8 March 2026 Superseded by v6.12

Tested against 295,026 H2-2025 Land Registry transactions

H2-2025 out-of-sample bulk test

PE5	PE10	PE15	PE20	MdAPE	Bias (mean)
39.6%	65.4%	79.8%	87.6%	6.7%	+1.92%

Accuracy by FSD (Fitch) band

Band	n	% of test	PE10	MdAPE	Bias (mean)
Band A	0	0.0%	—	—	—
Band B	143,546	48.7%	70.4%	6.0%	−0.7%
Band C	123,787	42.0%	63.9%	7.0%	+1.7%
Band D	27,693	9.4%	46.4%	11.2%	+16.5%

What changed from v6.10

Added spatial comparable pricing from nearby similar properties, weighted by similarity and adjusted for house price growth. +0.55pp PE10.

Also in v6.11: per-property FSD mapped to Fitch classification bands (A–D). FSD lookup table segmented by confidence decile, property type, and price band. Per-property SHAP contributions replacing global feature importance. FSD lookup recalibration against 100,938 backtest properties.

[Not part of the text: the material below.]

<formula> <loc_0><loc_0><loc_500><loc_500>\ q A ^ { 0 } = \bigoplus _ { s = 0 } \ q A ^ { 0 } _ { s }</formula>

June 2026: proprietary confidence-tier overlay retired; the FSD/Fitch bands are now the sole confidence expression.

v6.7

7 March 2026

What changed

Replaced national ONS House Price Index with a hyperlocal index — postcode-district and property-type-stratified quarterly index built from Land Registry transactions. Largest single accuracy gain in model history: +2.3pp PE10.

v6.6

6 March 2026

What changed

Added predicted bathroom count as a dense feature. National predictor providing 99.4% coverage where EPC records lack bathroom data.

v6.3

6 March 2026

What changed

Added predicted bedroom count and plot area from EPC records. +1.7pp PE10 combined.

v6.1

5 March 2026

What changed

Dynamic model metrics system. Website accuracy stats now driven by quarterly bulk test results, not training metrics.

v6

1 March 2026

Headline metrics

PE10	MdAPE
60.2%	7.8%

What changed

School proximity features (distance to nearest outstanding, good, and any school). Full spatial feature set including flood zones, crime rates, station proximity, and Census 2021 neighbourhood statistics. First version exceeding the Kirchmeyer 50% PE10 minimum.

v5

28 February 2026

Headline metrics

PE10	MdAPE
59.3%	7.93%

What changed

Census 2021 neighbourhood statistics (median household income, employment rate, qualification levels). Income became the single most important feature.

v4

28 February 2026

Headline metrics

PE10	MdAPE
57.1%	8.4%

What changed

Crime rates (total, violent, burglary), station proximity, and flood zone data. First version with full spatial feature set.

v3

1 March 2026

Headline metrics

PE10	MdAPE
59.4%	7.9%

What changed

Previous sale price with HPI temporal adjustment. Single largest feature contribution in model history at this point. PE10 jumped from 45.1% to 59.4% — previous sale price proved to be the most powerful predictor of current value.

v2

February 2026

Headline metrics

PE10	MdAPE
45.1%	11.3%

What changed

First production model. EPC data (floor area, energy rating, construction age), Land Registry transaction history, and basic spatial features.

v1

February 2026

Proof of concept. Basic hedonic model. Not deployed to production.